What to work on:
Say how many lines of the data contain "which", and nothing more.
+ + +
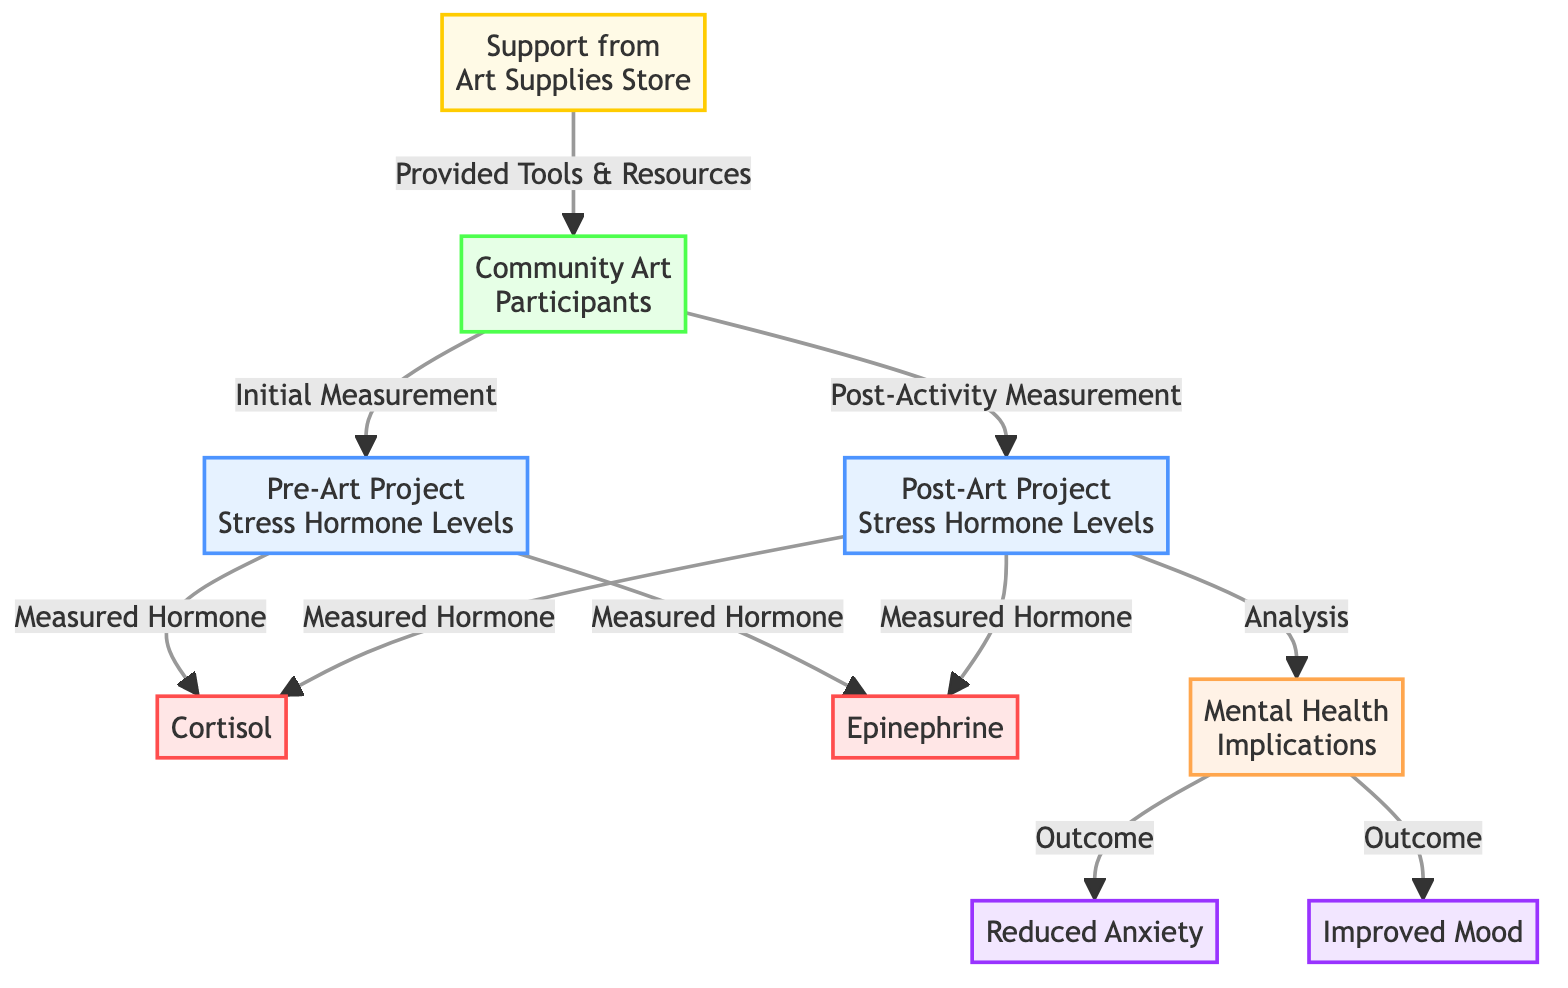What are the two types of stress hormones measured pre-Art Project? The diagram lists cortisol and epinephrine as the measured hormones before the art project, as indicated by the connections from the "Pre-Art Project Stress Hormone Levels" node.
Answer: Cortisol, Epinephrine How many groups are shown in the diagram? The diagram features one group labeled "Community Art Participants," which is the sole group represented in the relationships shown.
Answer: One What is the outcome of the post-activity hormonal analysis? The analysis of hormone levels after the activity leads to implications for mental health, demonstrated by the connection from the "Post-Art Project Stress Hormone Levels" node to the "Mental Health Implications" node.
Answer: Mental Health Implications What benefits are identified from engaging in community art projects? The diagram outlines two key benefits resulting from participation in community art projects: reduced anxiety and improved mood, both stemming from the "Mental Health Implications" node.
Answer: Reduced Anxiety, Improved Mood What provides support to the "Community Art Participants"? The diagram shows a connection from the "Support from Art Supplies Store," which indicates that art supplies and resources are provided to support the community participants in their projects.
Answer: Support from Art Supplies Store What hormone levels were measured after engaging in the art project? The diagram specifies that cortisol and epinephrine levels were again measured after the community art projects, noted through the connections from the "Post-Art Project Stress Hormone Levels" node.
Answer: Cortisol, Epinephrine What is the primary focus of the comparative analysis depicted in the diagram? The diagram illustrates a comparative analysis of stress hormone levels before and after engaging in community art projects, with emphasis on stress hormone levels and their relation to mental health outcomes.
Answer: Stress Hormone Levels Comparison What is the relationship between post-activity measurements and mental health? The diagram indicates that the post-activity measurements of stress hormones lead to an analysis that impacts mental health, connecting the analysis of hormone levels directly to the mental health outcomes.
Answer: Analysis impacts Mental Health 
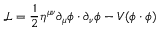<formula> <loc_0><loc_0><loc_500><loc_500>{ \mathcal { L } } = { \frac { 1 } { 2 } } \eta ^ { \mu \nu } \partial _ { \mu } \phi \cdot \partial _ { \nu } \phi - V ( \phi \cdot \phi )</formula> 
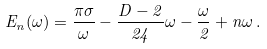Convert formula to latex. <formula><loc_0><loc_0><loc_500><loc_500>E _ { n } ( \omega ) = \frac { \pi \sigma } { \omega } - \frac { D - 2 } { 2 4 } \omega - \frac { \omega } { 2 } + n \omega \, .</formula>
+ + +
Written answer:
2